I haven’t done much travelling yet, but now that I’ve been here about two months I’m finally started. I’ve gone to Liverpool twice and Amsterdam once, and now I’m getting ready to go to Ireland and Scotland, with more trips planned later in the semester. I’ve finally gotten the hang of classes for the most part so I’m really trying to get my assignments done efficiently and be able to relax and go on adventures. It’s great that everything is so close to get to, and being able to exchange Pounds for Euros definitely has its benefits when travelling! Other than that, I’m really trying to take this time to learn more about myself and the world around me before I decide where I’m going to settle down and what I’m going to do with my degree after school. It’s a lot more alone time than I’m used to, since all my friends and family for the most part are back in America, so I’m using it to do the things I never had time to do before.

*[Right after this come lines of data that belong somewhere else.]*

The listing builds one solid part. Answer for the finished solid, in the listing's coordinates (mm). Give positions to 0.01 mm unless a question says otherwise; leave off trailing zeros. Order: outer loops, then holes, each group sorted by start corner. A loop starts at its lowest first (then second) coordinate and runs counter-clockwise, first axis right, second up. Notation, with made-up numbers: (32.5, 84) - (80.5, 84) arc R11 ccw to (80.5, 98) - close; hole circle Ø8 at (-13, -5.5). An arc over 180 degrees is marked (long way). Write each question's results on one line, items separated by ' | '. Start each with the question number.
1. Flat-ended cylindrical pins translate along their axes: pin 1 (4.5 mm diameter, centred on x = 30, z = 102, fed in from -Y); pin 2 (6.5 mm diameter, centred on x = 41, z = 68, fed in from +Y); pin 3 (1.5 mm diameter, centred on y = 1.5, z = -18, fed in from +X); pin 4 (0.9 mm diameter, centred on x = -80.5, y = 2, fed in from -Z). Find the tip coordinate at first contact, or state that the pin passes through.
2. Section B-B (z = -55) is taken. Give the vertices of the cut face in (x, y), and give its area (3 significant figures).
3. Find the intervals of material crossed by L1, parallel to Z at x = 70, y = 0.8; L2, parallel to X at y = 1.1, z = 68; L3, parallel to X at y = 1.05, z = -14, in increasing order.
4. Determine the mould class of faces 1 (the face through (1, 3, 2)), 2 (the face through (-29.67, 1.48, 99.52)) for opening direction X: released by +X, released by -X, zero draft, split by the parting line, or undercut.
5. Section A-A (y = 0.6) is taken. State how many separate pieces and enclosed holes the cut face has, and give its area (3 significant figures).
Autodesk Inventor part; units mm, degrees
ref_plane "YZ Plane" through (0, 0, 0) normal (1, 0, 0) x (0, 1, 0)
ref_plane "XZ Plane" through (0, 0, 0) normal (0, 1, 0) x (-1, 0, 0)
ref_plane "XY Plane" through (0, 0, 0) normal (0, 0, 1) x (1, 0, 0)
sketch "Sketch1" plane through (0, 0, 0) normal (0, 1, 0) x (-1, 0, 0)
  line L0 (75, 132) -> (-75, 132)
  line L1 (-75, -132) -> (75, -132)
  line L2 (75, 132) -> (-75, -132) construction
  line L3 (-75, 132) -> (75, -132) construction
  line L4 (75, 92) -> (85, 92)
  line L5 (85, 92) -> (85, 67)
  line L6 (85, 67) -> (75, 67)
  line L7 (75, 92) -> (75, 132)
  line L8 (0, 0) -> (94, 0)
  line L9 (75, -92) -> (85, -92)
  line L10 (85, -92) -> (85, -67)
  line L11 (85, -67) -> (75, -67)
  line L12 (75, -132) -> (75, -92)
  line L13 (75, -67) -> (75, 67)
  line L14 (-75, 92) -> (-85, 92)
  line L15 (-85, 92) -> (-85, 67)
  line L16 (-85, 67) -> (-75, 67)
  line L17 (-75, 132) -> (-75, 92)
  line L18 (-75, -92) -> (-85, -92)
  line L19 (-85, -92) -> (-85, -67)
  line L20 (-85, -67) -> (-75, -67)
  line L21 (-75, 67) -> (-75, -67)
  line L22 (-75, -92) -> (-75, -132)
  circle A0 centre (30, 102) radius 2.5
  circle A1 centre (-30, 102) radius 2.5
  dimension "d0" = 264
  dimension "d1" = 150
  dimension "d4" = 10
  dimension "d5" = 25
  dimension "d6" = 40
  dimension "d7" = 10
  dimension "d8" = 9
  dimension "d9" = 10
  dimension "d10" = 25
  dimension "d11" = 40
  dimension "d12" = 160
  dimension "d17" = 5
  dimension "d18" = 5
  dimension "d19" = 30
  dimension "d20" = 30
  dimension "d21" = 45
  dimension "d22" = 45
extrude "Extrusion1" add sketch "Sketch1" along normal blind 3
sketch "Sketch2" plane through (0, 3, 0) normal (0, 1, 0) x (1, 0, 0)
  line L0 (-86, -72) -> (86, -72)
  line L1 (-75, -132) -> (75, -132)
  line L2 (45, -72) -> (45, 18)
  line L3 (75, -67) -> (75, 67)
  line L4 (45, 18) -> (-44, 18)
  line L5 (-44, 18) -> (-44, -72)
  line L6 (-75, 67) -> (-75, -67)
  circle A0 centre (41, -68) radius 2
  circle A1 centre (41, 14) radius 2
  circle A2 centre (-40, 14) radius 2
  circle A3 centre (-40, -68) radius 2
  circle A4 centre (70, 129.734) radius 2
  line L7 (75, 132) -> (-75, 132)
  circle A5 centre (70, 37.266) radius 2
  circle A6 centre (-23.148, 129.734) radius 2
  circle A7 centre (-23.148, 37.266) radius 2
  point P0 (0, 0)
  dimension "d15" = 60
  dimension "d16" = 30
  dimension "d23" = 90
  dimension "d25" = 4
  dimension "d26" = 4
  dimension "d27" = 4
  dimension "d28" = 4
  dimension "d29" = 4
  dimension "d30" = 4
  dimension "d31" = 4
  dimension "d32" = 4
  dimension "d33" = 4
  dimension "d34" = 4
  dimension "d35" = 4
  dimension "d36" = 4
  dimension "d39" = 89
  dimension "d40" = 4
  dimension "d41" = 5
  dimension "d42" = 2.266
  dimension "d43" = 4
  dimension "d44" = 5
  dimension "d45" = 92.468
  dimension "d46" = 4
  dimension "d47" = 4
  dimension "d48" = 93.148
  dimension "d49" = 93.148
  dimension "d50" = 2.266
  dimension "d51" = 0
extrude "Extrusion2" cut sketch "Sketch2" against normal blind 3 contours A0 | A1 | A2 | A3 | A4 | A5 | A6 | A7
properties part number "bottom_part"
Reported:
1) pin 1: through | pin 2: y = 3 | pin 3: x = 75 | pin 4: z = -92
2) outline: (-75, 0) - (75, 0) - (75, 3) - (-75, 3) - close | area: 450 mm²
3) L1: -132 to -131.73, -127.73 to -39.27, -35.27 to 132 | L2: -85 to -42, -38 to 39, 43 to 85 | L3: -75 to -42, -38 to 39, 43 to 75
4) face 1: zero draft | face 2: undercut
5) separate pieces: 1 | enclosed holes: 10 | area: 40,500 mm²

For anyone who wants to come to UCLan, I would definitely say that it’s a good idea. It’s not in a place like London or Paris, but I think that’s what makes it better. Things are affordable, and since Preston is a university town there will always be other people our age around, and things to do at night. If possible, make friends with someone who has a car! That’s one thing I really miss about being home, because we could just pick up and take a road trip whenever we wanted, but here we have to rely on walking or taxis or trains, and that’s only going to get you so far if you don’t have the money to spend. And also spend a lot of time at Equator café because they’re the nicest people with the best cappuccinos—and now they sell ice cream! Join societies and go to events that the school puts on because that’s the easiest way to meet people, rather than relying on your own abilities to make friends. For someone who’s not very good at asking classmates to hang out after lessons are done, going to an event where people want to talk about what they’re doing and what they’re interested in is the perfect excuse to put yourself out there. Don’t be nervous! Being nervous will make you miss out on the best experiences. Also, keep a blog, a diary, a scrapbook, devote an instagram page, or something so that you can chronicle your time spent away from home—you’ll definitely want these memories when you’re older. I started a blog www.vyourselfblog.wordpress.com!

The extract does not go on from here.